In 1977, the musical old guard were hanging on for dear life. The top 10 was dominated by bands like ABBA, Brotherhood of Mann and Boney M. There was even an Elvis song in there and David Soul (Starsky’s mate, Hutch) was in the No. 2 spot. Bowie was fighting a seemingly desperate lone battle in the name of originality, but there was a storm coming.
Record label EMI had just sacked a little band called the Sex Pistols and pretty soon there would be Anarchy in the UK. The clash had released their debut album in April too and the days of disco were coming to an end.
Liverpool 3-1 Leeds United: First Division, Anfield, April 2, 1977
Liverpool’s home fixture had been moved to an early kickoff, because April 2 was Grand National day in the city. A horse called Red Rum would win it for the third time in a row. My dad always put a bet on for us and I’d picked the winner. I was no expert on form; I just picked a horse with red in its name. It was the first time I’d ever won anything and the sweet shop down the road was about to get every penny of the 60-odd pence I’d pocketed.
The ground is full for kickoff. The official attendance is nearly 49,000 and the Kop sways side to side and back to front. You’d have still seen a Union Jack in the old stand back then, but it would be mostly full of homemade banners.
I remember during this period Kopites appropriating a Boney M song called ‘Brown Girl in the Ring’. They kept the tune, but the lyrics became “we’re gonna win the league, tra la la la la.” It’s the same tune as our ‘Poetry in Motion’ song today. Close your eyes for a second and you might just hear them singing it.
The game got underway and Leeds were holding their own and even dictating the pace at times. The Reds, though, were a team of 11 men who would all go on to become legends in the history of the club, managed by the most successful Reds manager of all time.
The squad was so strong back then that Fairclough struggled to hold down a regular spot, but on 35 minutes he would stake his strongest claim yet for the right to play alongside the best.
He picked the ball up deep in his own half and launched an attack on the Leeds defence that Lionel Messi would be proud of. It won Liverpool a penalty, which Phil Neal dispatched with ease. But it was the role played by young Fairclough in the buildup that earned the rave reviews. Then, just two minutes later, he headed home a cross from Jimmy Case to put Liverpool two goals up.
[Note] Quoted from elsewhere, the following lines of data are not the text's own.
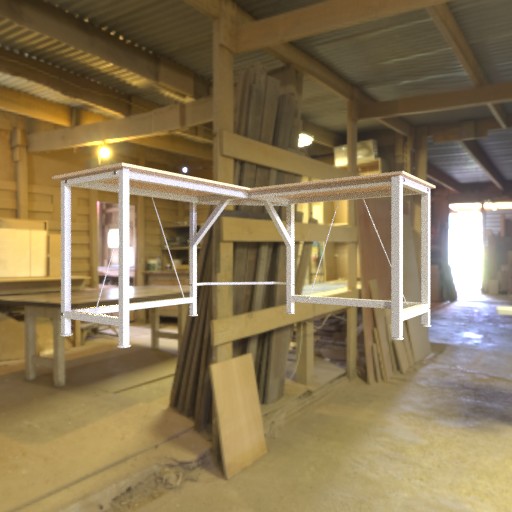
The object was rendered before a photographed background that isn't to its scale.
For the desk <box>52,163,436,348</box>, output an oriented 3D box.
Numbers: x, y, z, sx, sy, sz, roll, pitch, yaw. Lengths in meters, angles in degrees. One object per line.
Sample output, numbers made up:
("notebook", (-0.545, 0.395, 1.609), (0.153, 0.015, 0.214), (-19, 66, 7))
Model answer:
("desk", (0.000, 0.000, 2.273), (1.400, 0.762, 1.400), (0, 0, 37))
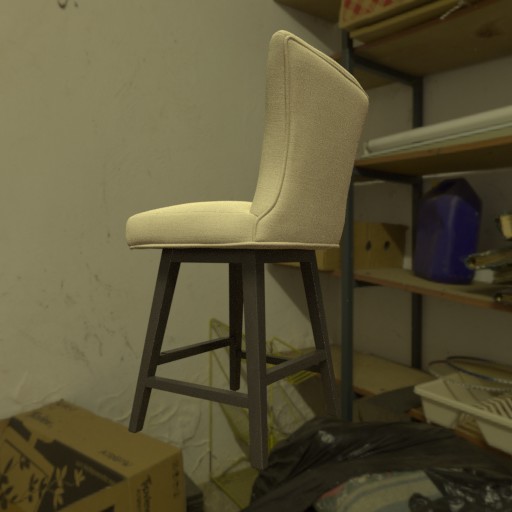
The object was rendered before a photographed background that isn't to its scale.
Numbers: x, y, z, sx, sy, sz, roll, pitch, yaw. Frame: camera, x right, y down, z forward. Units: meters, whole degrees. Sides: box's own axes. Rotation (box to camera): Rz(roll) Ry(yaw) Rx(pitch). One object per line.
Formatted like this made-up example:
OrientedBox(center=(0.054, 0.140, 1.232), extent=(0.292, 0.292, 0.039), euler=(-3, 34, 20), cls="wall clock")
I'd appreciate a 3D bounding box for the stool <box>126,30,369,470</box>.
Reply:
OrientedBox(center=(0.000, 0.000, 1.306), extent=(0.574, 1.000, 0.514), euler=(0, 0, 35), cls="stool")
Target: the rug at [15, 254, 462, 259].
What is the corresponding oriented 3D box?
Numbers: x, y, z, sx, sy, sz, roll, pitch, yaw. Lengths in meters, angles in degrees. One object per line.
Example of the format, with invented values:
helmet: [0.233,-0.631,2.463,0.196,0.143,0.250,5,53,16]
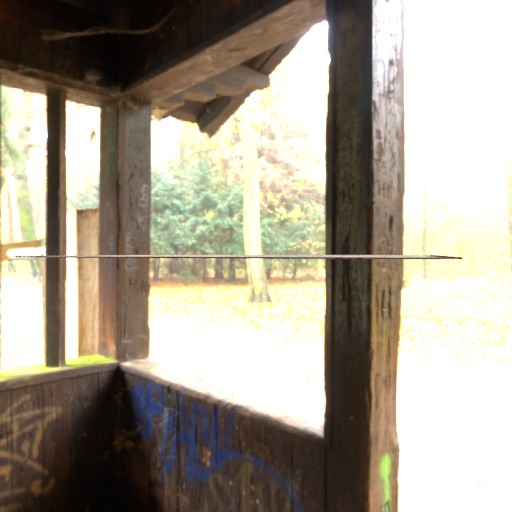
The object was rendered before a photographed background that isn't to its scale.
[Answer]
rug: [0.000,0.000,4.204,3.274,0.015,2.439,0,1,18]
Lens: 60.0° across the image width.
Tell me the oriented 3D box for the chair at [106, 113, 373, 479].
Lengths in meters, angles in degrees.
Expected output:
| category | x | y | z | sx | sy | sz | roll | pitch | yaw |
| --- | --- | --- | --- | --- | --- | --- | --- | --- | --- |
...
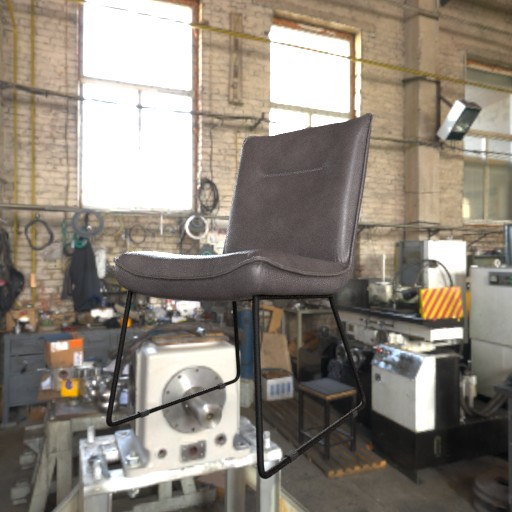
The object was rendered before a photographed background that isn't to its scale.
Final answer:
| category | x | y | z | sx | sy | sz | roll | pitch | yaw |
| --- | --- | --- | --- | --- | --- | --- | --- | --- | --- |
| chair | 0.000 | 0.000 | 1.321 | 0.515 | 0.932 | 0.688 | 0 | -1 | 35 |
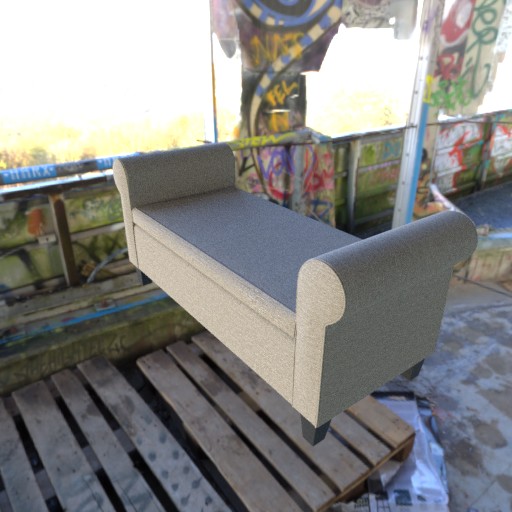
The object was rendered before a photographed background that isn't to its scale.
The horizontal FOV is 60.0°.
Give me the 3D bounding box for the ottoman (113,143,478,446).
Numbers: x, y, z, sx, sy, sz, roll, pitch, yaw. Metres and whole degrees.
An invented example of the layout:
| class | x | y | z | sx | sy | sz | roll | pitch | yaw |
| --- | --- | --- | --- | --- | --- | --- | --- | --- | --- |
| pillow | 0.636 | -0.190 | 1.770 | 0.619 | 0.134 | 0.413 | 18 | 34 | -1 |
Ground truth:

This is how the Match of the Day report described his heroics:
“In a glorious two-minute spell in the first half Fairclough took five Leeds men apart in a 60-yard run before getting the penalty from which Phil Neal scored. Then he headed home Jimmy Case’s cross to make it 2-0.”
Gordon McQueen would later go on to play for Manchester United, but on this day he was in the Leeds defence and couldn’t believe what he was seeing. He would admit that he had watched the young lad on TV, but never thought he could destroy a Leeds defence the way he did on April 2, 1977.
Liverpool weren’t finished, though, and added a third on the hour mark through Steve Heighway. Gordon McQueen would score a consolation goal in the 89th minute, almost making up for being put on his backside by a 20-year-old carrot-topped kid from Cantril Farm, but not quite. The points would go to Anfield, keeping Liverpool top of the league, two points clear of Ipswich Town.
They would go on to win four, draw four and lose one of their last nine games, clinching the title with a goalless draw against West Ham at Anfield on the May 14. They’d won the league by a single point over Manchester City, who had climbed over the Tractor Boys to finish runners-up.
The Reds would end the season as the undisputed Kings of Europe and only a crazy two-minute spell at Wembley, that saw three goals scored and United win the FA Cup final by two goals to one, would prevent us from winning a heroic hat-trick of trophies that year.
Another 3-1 on Tuesday would do nicely, as would a stellar display by a rising young star from Liverpool’s second string. Over to you boys.